It’s important to note that when she’s not running for office, when she’s in a particular job, her approval ratings are exceptionally high. She was not a divisive senator, an unpopular First Lady, or a troubled Secretary of State. People decisively approved of her in all of these roles. That says something about how we view women at work vs. how we view women seeking work, but it also says that people view her as being competent and strong at her job.

Temperament and Leadership Style

For me, the greatest asset Hillary Clinton brings as a presidential candidate is her style of leadership. Ezra Klein wrote a terrific piece on Vox about her history of listening to voters and crafting policy based on the direct needs of her constituents (there’s also a video version of the same article, if you prefer). In summary, Clinton is unique among modern politicians in that she is not dogmatic, she does not act wholly of her own gut instincts, but rather she is shrewd, careful, and open to outside ideas and suggestions. This can come across as vagueness, or even a sense that she’s hiding things. But she’s not cagey. She’s wise.

Hillary Clinton is not a transformative public speaker. She has never brought a room to its feet through sheer energy and force of will. Her words are extremely thought-out and practiced, and it shows. This hurt her greatly in 2008, against the charismatic and exciting Barack Obama, and it may be hurting her amongst some voters again in 2016, when her opponent is all noise and bluster. But the words she chooses to use are telling, and regardless of her ability to deliver speeches, her ideas are no less than revolutionary in global politics.

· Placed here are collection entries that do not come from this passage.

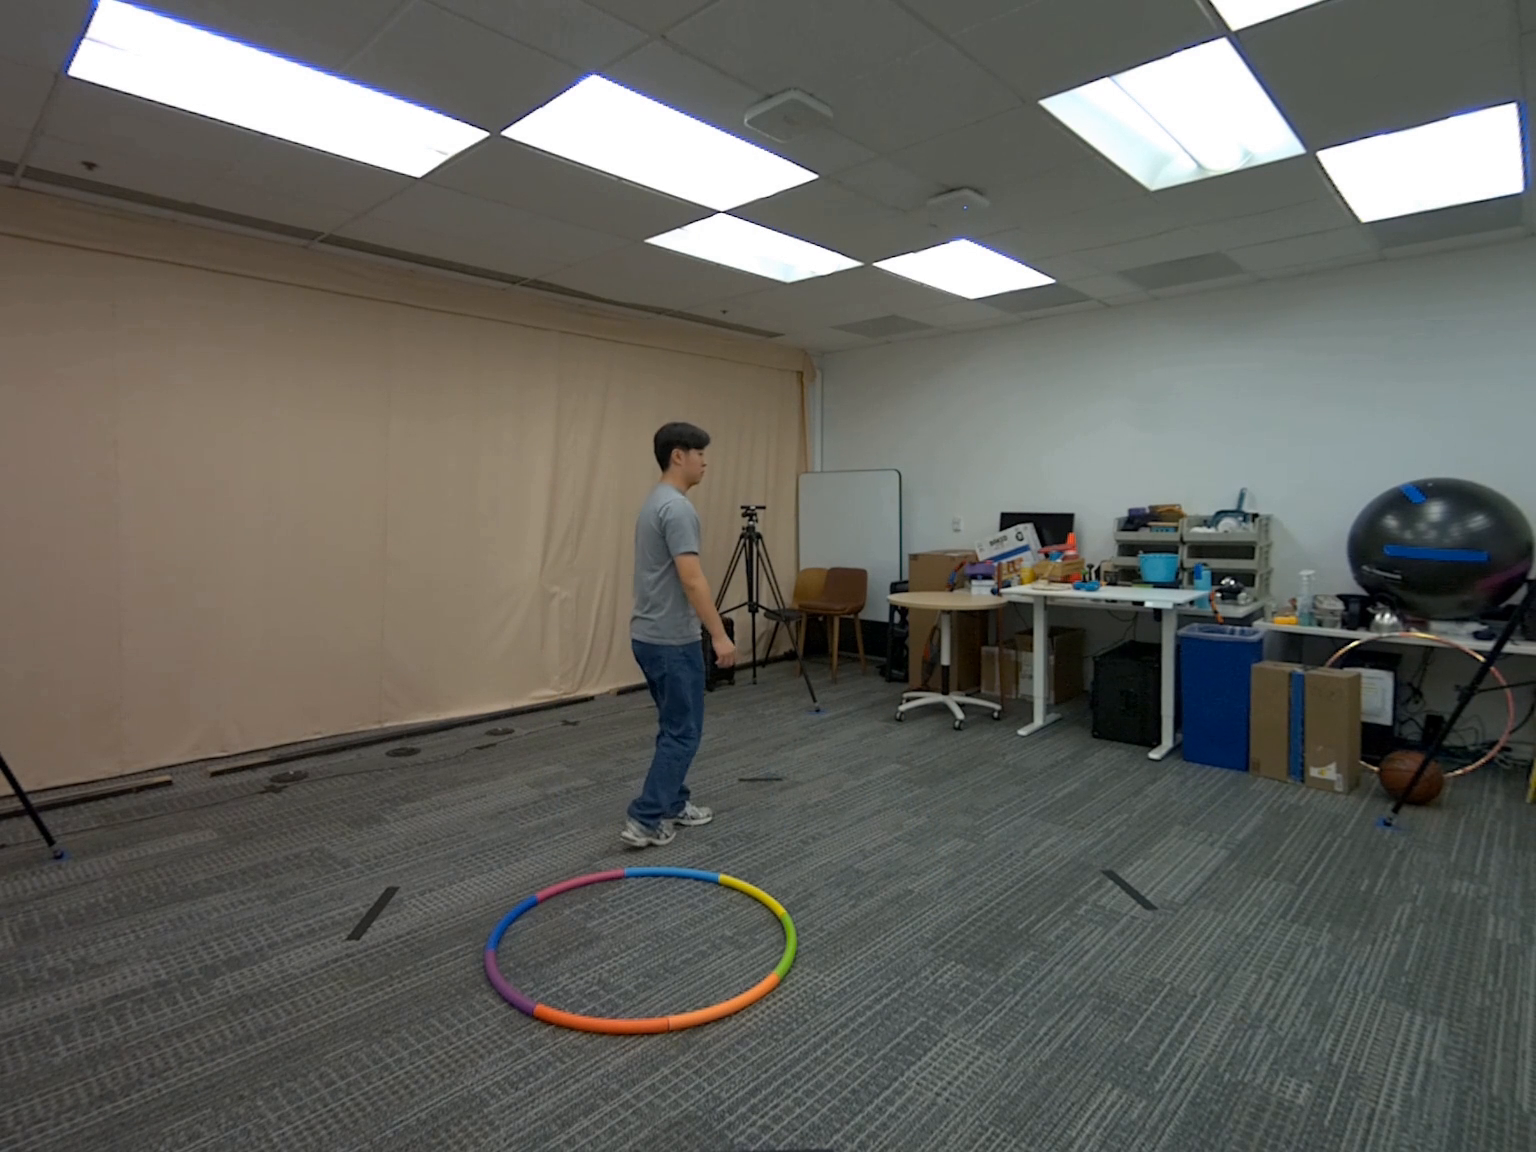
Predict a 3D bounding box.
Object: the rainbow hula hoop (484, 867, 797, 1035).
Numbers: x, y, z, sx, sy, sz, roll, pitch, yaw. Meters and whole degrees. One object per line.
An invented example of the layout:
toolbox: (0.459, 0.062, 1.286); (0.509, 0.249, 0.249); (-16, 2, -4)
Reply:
rainbow hula hoop: (-0.395, 1.142, 2.705); (0.978, 0.035, 0.982); (-1, 4, -2)

It’s more than the fact that she’s a woman running for the highest office in the richest country on Earth. It’s the way that feminism defines her foreign and domestic policy which provides the potential for significant change. Feminism is more than a slogan, it’s a doctrine which weakens extremists and broadens ties internationally. Hillary Clinton has been one of the world’s leading advocates for women’s issues because she knows, and has said, that the better conditions are for women in any given country, the better off that country is by any metric.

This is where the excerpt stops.